Авдей Каллистратов тоже ходил на тайные собрания, слушал разговоры о революции, в которую не верил. «А хоть бы и случилась, – думал он, – все вернется на круги своя. И дело даже не в пролитой крови, а в том, что прольется она напрасно». На квартирах Авдей Каллистратов обнаруживал себя среди мальчишек, знал наперед, чем все обернется, видел, что сила вещей рано или поздно превратит их в таких же жирных котов, которые вызывают у них негодование. И все равно посещал их тайные вечери, куда его гнало одиночество. «Только росток живет, – вспоминал он китайскую мудрость. – Состоявшееся уже умерло». И, посещая «квартирники», где жизнь била ключом, Авдей Каллистратов грелся у чужого огня. Исходя из своего богатого опыта, он давал разумные советы, а про себя думал: «Разве можно обсуждать, как жить, если не знаешь зачем?» Вскоре Авдей Каллистратов стал пользоваться уважением, превратившись в министра теневого кабинета, и никто не догадывался, что он таким образом скрашивает жизнь. Его прежние отношения с писателями научили Авдея Каллистратова держать язык за зубами, но в интернет-группе он разоткровенничался:
«Одно правительство стоит другого, но почему от этих людей, много худших меня, зависит моя жизнь?»
«Вы что же, анархист? – по-своему поняла Зинаида Пчель. – Как же совсем без правительства? А кто будет указы писать?»
«Да он сам метит в правители, – вмешалась Дама с @. – Какой из него анархист, просто баки нам заправляет».
И Авдей Каллистратов вспомнил, что стар, что, подбери он самые правильные, самые нужные слова, его все равно не поймут, потому что все языки бессильны выстроить мост между поколениями. «Крепкое дерево обречено на смерть, – снова вспомнил он китайцев. – Но зачем тогда мудрость? Чтобы легче умереть?»
«А что вас, собственно, не устраивает? – писал ему Сидор Куляш. – Вы свободны и можете позволить себе жить в любой стране. На выбор! Или хотите обратно в прошлое? Нравится рабство, голод?»
«Не трудитесь, – осадил он. – У меня есть телевизор».
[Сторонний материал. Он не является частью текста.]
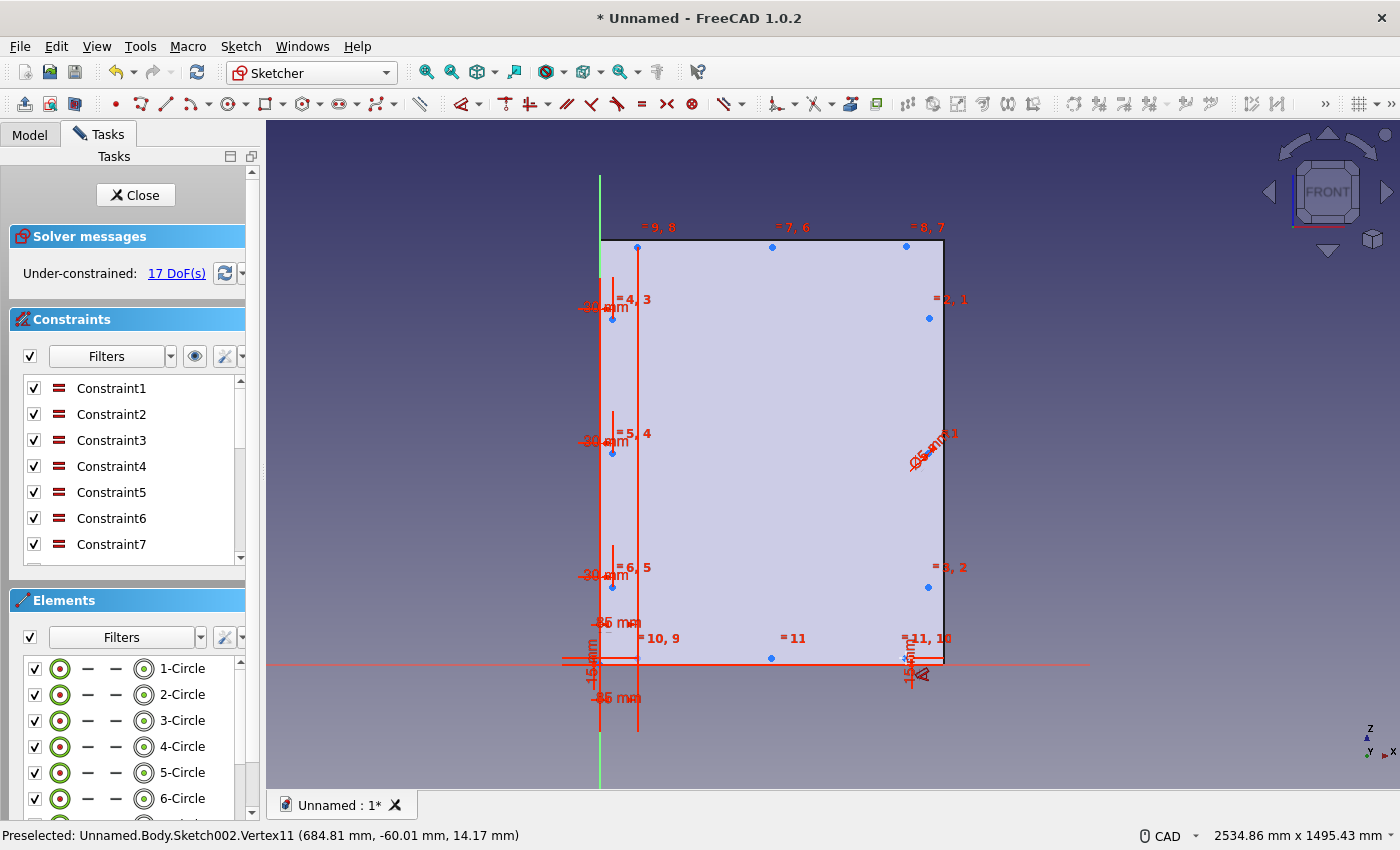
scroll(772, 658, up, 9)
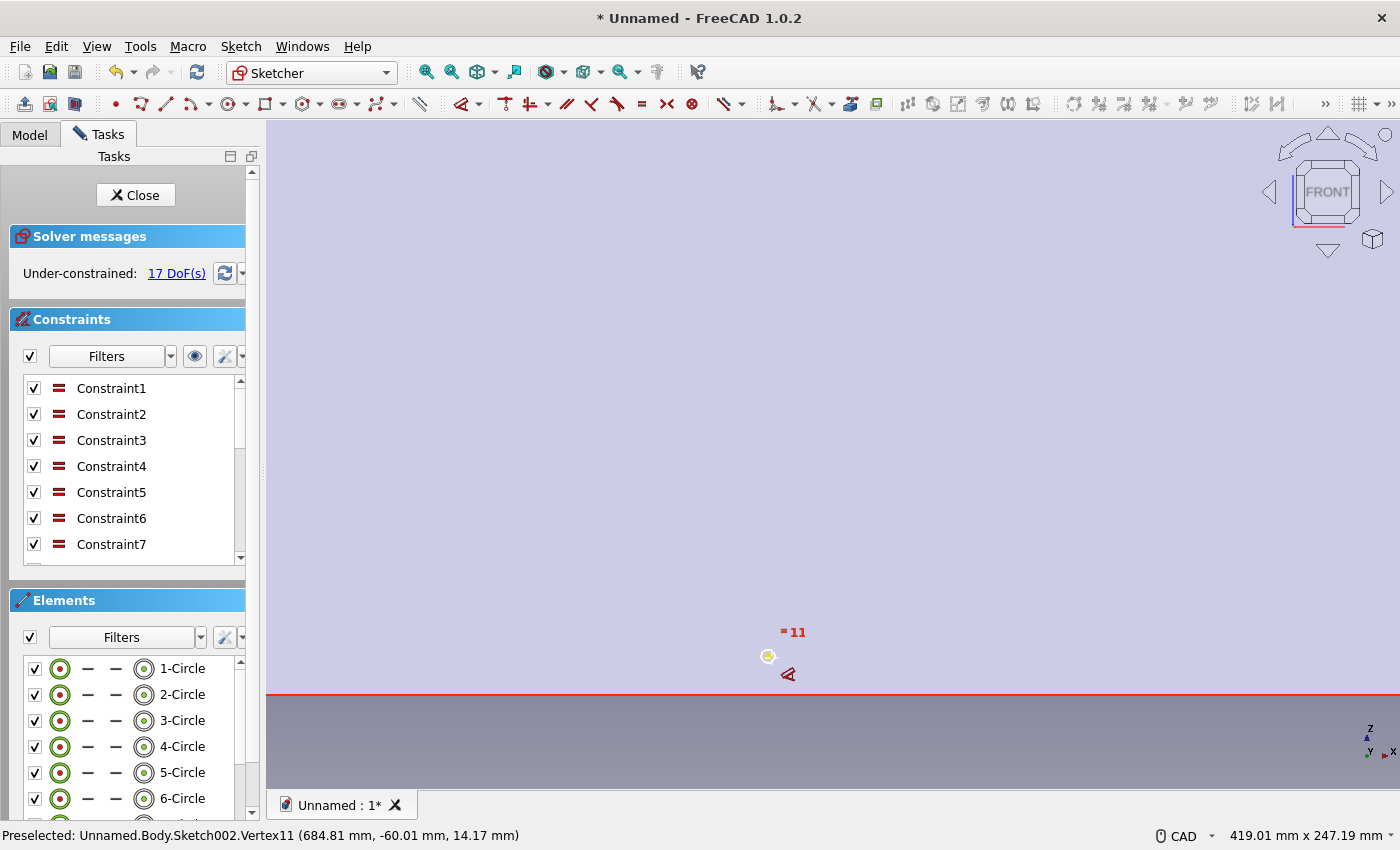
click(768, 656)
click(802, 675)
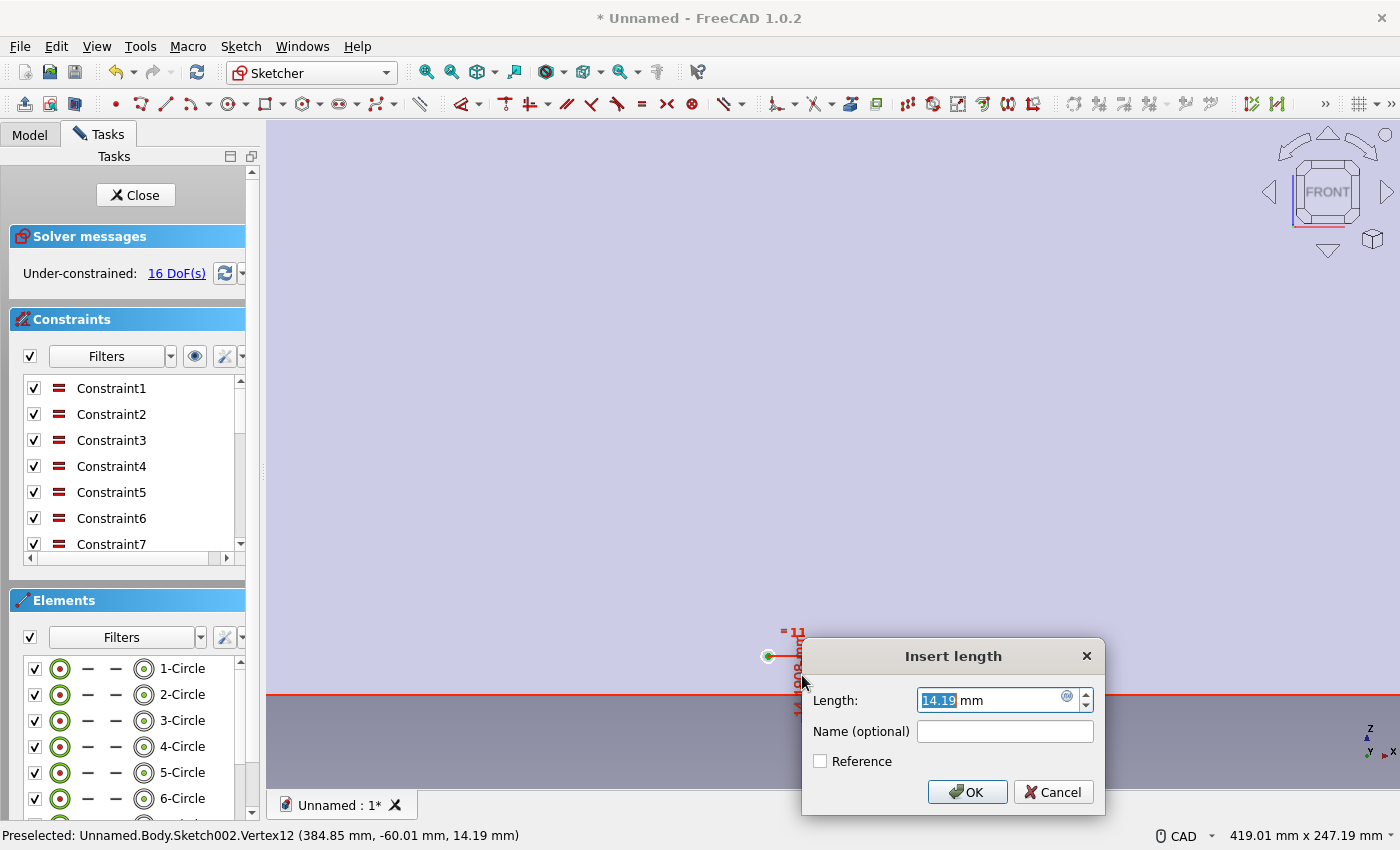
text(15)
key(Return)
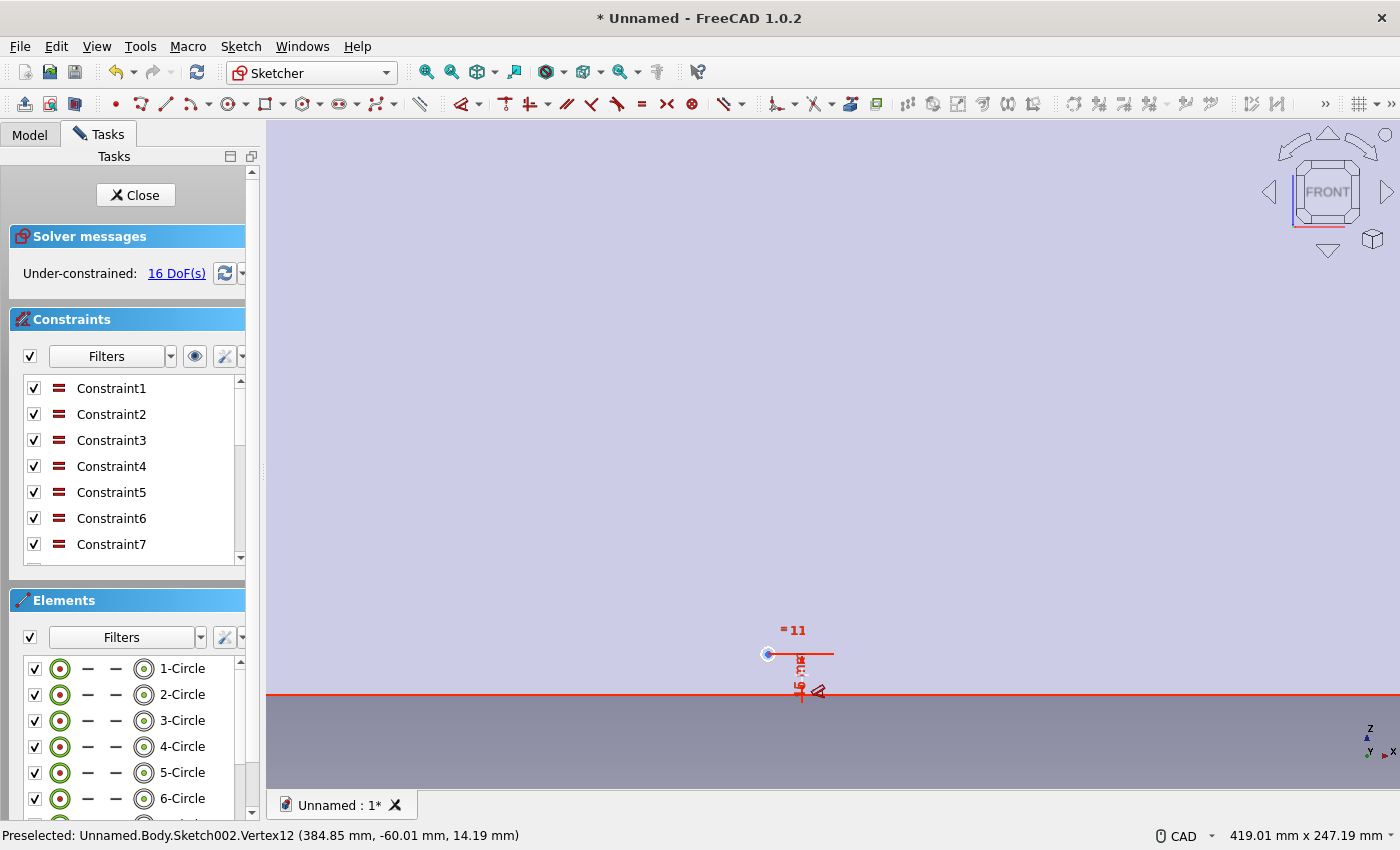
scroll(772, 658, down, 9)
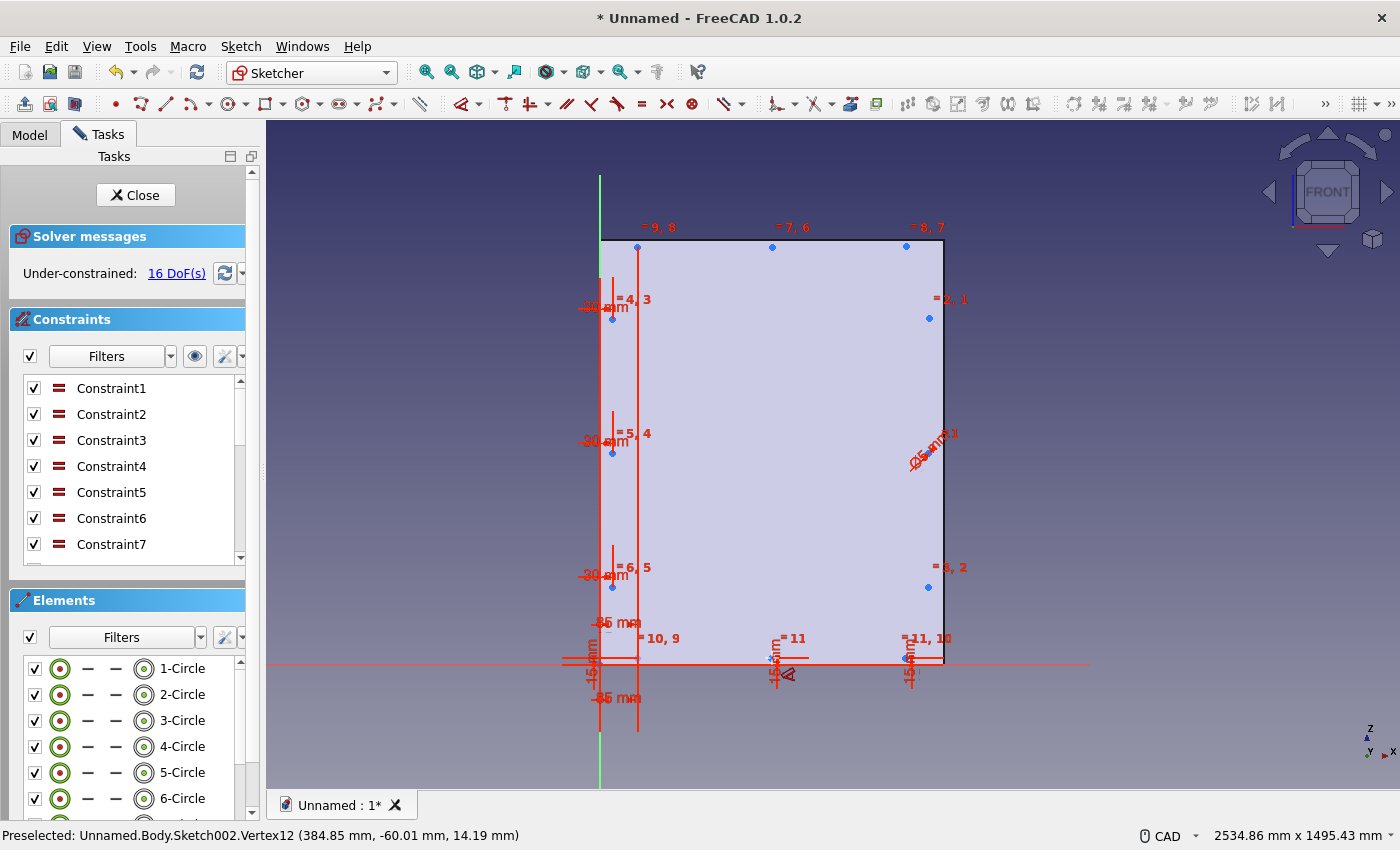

От родителей Афанасий Голохват был очень далеко. С матерью он, правда, изредка переписывался, а с отцом после развода виделся всего раз. Они сидели в суши-баре, отложив палочки, ковыряли рыбу вилками, и их разговор был таким же острым, как еда. «У нас ничего общего, – вспоминал Афанасий Голохват их встречу. – Его ли я сын?» Он морщился, намереваясь серьезно поговорить на этот счет с матерью, но откладывал до лучших времен. А потом учеба и протестная деятельность поглотили все его мысли. После развода мать пыталась сделать мужа из Афанасия, превратившись в наседку, тряслась над каждым его шагом, под видом семейных дел обсуждая свои обиды и желания, она ревновала его к отцу, уличным мальчишкам, прогоняя которых высовывала голову из форточки, смешно наклонив ее набок, ревновала к истории и фантастике, которых не понимала, считая прошлое такой же выдумкой, как и будущее. Вечерами она готовила с сыном уроки, отмечая каждую его ошибку подзатыльником, учила с ним грамматику, которую он с тех пор возненавидел. Ей казалось, что она любит сына, что готова отдать ему все, а он все не мог дождаться окончания школы, чтобы поступить в столичный университет. «Неблагодарный, – жаловалась она соседям. – Совсем мать забросил, а ведь я посвятила ему всю жизнь».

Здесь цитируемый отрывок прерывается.